The Northern Alliance is preparing a large-scale offensive, he said.
"The military and political situation has remained stable, normal and fully-controllable" in Tajikistan, whose border with Afghanistan totals 1,346 kilometers. Afghanistan is not posing a threat to Tajikistan's security, he noted.
In accordance with a government decision, Russia has started supplying arms and military equipment to Afghanistan's Northern Alliance, Interfax news agency reported.
Afghanistan's government, led by Burhanuddin Rabbani, will receive forty T-55 tanks, eighty BMP-1 and BMP-2 combat vehicles, and several dozen armored vehicles (BTR-60) before the end of October, a source in the Russian Defense Ministry told Interfax.
The source said that, according to some estimates, the total value of the military assistance provided by Russia to the Northern Alliance before the end of this year will reach $45 million.
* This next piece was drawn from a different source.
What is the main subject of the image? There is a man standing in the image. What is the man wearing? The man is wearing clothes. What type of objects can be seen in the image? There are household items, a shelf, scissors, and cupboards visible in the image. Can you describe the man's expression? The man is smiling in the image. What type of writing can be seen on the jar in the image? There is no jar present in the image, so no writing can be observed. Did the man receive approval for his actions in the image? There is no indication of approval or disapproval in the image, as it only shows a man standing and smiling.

Afghanistan's deputy military attaché in Tajikistan, Abdulhalil Bakhtier confirmed that Northern Alliance units led by Rashid Dostum advanced toward Mazar-i-Sharif on Sunday.
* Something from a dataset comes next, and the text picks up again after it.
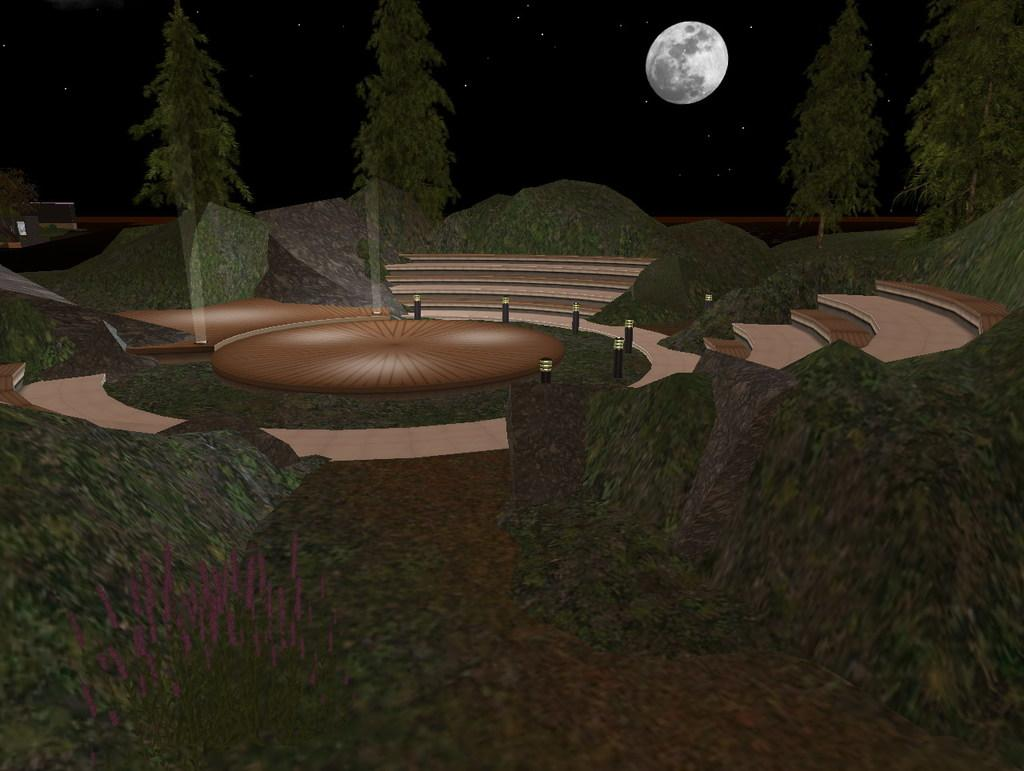What structures are present in the image? There are poles and steps in the image. What type of natural elements can be seen in the image? There are rocks and trees in the image. Are there any objects visible in the image? Yes, there are some objects in the image. What celestial body is visible in the background of the image? The moon is visible in the background of the image. How would you describe the lighting in the image? The background of the image is dark. Can you see any ants crawling on the rocks in the image? There are no ants visible in the image; it only shows poles, steps, rocks, trees, objects, the moon, and a dark background. Is there any poison present in the image? There is no mention of poison in the image, and it is not visible in the provided facts. 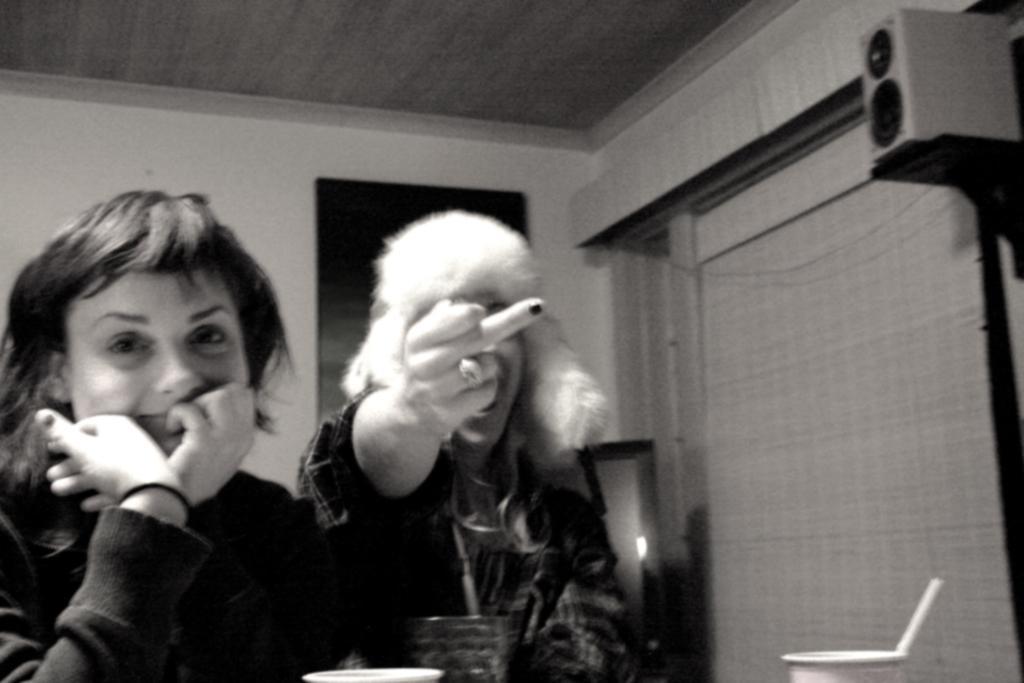In one or two sentences, can you explain what this image depicts? This is black and white picture where we can see two persons. To right side of the image one speaker is there. Bottom of the image glasses are present.

However, on the night of October 16th, the troops were forced back to their initial positions 10 kilometers south of Mazar-i-Sharif.
The Northern Alliance fully dominates the provinces of Badakhshan, Ghor, Samangan, Badghis and most of Takhar province, he noted. Moreover, it controls some areas in the provinces of Parwan, Balkh, Herat, and Fariab, as well as the outskirts of the strategically important cities of Kabul, Mazar-i-Sharif and Jabal Saraj.
It also controls the Panjshir Gorge, where the Northern Alliances' main materiel and personnel base is located.
The anti-Taliban coalition has captured about 20% of Afghan territory. The Northern Alliance is preparing a large-scale offensive that "we will not coordinate with anyone," he pointed out.
The Alliance "possesses a sufficient quantity of arms and ammunition to single-handedly defeat the Taliban," he said.